▶ [Exercise goal]: Say how many lines of the entries below include "right", giving nothing but that number.

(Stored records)

=-=-=-=-=

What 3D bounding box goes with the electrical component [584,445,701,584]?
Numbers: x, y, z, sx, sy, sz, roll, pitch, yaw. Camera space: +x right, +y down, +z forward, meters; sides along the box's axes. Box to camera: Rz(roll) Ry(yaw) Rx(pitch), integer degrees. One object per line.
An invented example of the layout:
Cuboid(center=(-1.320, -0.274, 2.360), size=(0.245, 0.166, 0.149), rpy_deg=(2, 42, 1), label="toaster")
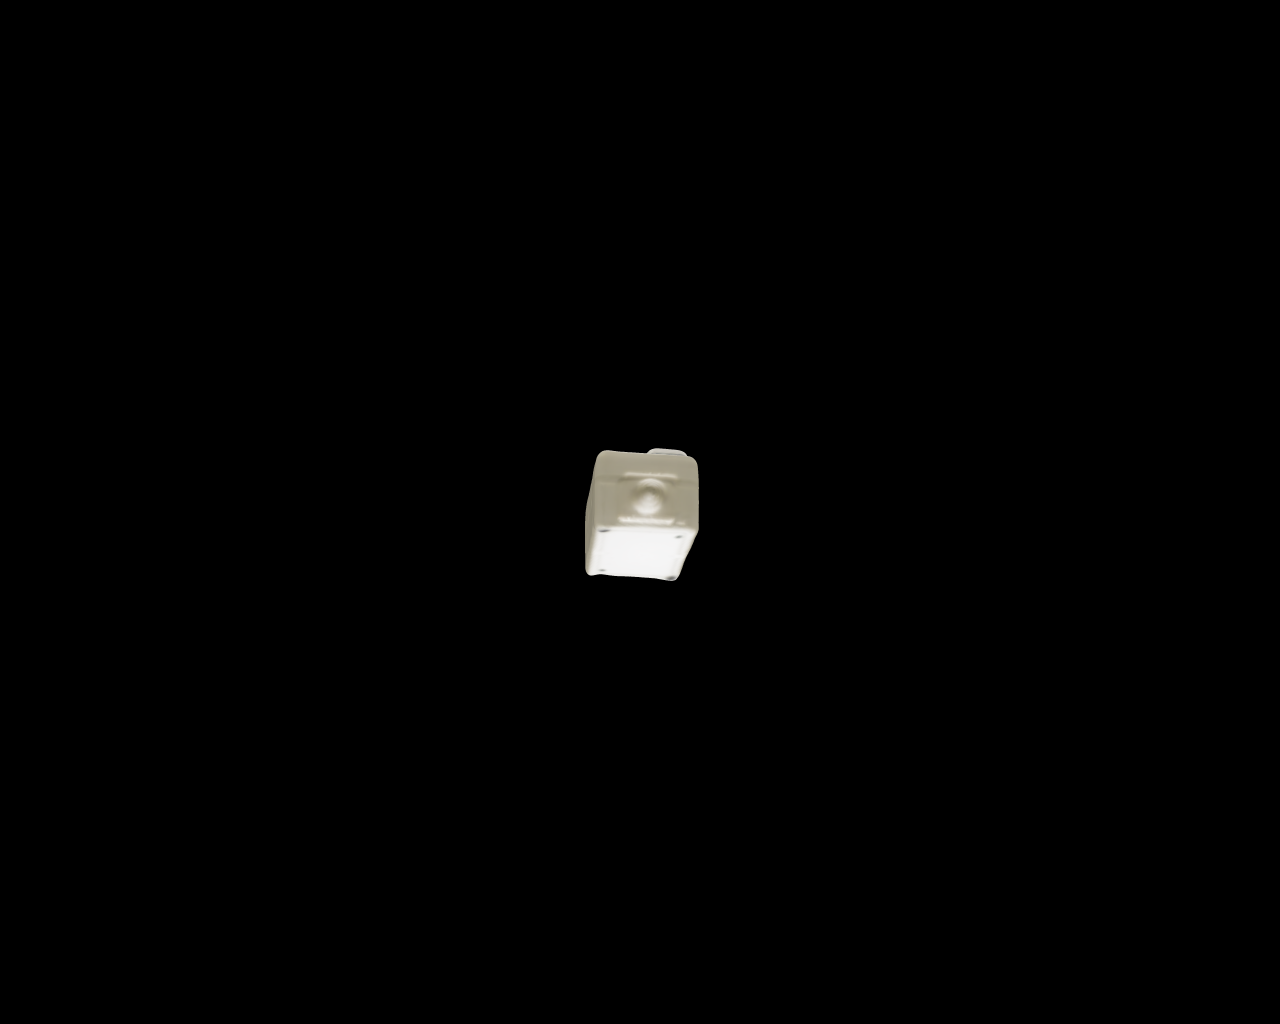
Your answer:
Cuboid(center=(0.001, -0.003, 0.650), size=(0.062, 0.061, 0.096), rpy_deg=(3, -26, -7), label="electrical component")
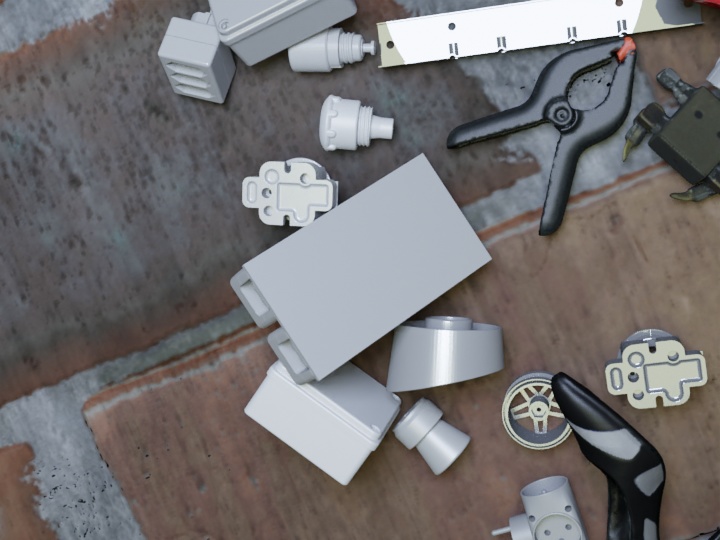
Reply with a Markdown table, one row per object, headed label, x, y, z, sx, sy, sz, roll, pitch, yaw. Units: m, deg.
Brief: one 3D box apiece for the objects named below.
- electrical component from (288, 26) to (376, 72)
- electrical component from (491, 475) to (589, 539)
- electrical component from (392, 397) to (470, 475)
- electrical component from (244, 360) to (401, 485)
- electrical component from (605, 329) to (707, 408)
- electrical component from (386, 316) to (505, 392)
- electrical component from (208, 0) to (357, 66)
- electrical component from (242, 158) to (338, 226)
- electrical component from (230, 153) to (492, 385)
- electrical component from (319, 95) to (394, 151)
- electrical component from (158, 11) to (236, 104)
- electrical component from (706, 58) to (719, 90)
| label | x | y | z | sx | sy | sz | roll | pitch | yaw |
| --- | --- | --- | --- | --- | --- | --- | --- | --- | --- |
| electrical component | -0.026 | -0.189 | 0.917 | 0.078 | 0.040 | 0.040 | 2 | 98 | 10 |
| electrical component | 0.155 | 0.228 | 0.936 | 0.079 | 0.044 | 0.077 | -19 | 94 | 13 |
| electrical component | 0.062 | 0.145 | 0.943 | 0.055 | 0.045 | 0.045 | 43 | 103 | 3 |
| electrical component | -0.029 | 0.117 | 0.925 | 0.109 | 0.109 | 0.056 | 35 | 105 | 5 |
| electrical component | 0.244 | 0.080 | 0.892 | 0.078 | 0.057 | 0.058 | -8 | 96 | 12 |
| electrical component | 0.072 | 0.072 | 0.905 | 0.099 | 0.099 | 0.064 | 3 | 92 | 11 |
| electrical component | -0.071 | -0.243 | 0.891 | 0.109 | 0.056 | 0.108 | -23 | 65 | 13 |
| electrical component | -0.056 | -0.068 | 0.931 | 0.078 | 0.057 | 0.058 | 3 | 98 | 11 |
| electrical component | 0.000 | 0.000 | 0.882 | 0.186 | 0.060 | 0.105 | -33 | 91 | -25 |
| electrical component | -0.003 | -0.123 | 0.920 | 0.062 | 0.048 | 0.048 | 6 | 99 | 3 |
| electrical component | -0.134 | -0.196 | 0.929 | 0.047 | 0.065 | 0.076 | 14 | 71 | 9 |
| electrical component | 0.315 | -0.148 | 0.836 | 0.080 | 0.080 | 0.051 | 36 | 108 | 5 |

=-=-=-=-=

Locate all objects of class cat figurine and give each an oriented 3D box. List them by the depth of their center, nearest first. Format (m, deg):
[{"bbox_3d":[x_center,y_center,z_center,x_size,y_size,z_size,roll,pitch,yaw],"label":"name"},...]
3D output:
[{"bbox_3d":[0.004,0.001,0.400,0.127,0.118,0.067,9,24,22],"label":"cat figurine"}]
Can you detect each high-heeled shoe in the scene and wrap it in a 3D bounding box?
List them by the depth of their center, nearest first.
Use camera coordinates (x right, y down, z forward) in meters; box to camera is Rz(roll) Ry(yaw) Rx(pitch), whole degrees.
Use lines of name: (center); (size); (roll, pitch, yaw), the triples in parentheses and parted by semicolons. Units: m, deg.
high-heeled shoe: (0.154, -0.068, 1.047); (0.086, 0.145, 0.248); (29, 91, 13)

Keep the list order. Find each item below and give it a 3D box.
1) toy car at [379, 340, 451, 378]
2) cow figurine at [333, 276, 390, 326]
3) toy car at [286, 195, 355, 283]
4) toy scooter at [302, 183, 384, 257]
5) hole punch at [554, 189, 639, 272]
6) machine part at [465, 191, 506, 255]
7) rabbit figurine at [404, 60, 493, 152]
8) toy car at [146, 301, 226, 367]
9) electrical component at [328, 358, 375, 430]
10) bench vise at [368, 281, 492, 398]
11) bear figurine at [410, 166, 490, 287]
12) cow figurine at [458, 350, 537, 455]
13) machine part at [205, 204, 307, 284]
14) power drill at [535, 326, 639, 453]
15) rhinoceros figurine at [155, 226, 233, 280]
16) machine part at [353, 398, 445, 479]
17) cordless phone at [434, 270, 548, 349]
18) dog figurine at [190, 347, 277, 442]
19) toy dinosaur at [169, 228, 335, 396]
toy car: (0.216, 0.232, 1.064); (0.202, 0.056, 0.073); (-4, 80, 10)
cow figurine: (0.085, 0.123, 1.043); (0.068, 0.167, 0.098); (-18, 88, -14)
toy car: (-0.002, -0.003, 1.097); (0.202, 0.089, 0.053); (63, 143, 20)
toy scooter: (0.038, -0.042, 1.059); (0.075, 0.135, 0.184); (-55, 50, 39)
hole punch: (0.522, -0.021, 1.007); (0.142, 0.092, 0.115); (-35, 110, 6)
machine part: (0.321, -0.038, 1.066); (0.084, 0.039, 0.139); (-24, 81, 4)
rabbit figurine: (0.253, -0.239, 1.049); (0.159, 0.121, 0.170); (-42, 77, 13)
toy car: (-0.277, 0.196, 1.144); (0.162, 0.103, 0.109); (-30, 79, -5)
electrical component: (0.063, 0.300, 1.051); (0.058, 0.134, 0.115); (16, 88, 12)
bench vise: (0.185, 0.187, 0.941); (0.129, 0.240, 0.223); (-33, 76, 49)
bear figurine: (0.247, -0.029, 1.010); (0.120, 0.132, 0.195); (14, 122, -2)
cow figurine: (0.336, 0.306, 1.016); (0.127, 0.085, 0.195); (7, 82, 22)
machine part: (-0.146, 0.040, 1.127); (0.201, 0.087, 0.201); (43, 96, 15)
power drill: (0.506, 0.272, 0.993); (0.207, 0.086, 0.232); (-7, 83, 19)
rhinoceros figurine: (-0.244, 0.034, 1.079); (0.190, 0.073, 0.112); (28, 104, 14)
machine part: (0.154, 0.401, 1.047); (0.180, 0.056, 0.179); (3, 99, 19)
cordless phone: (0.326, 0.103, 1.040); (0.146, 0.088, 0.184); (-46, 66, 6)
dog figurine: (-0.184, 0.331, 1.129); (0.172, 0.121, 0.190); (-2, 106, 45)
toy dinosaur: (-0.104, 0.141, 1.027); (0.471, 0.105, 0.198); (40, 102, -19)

=-=-=-=-=

▶ [Solution]: 2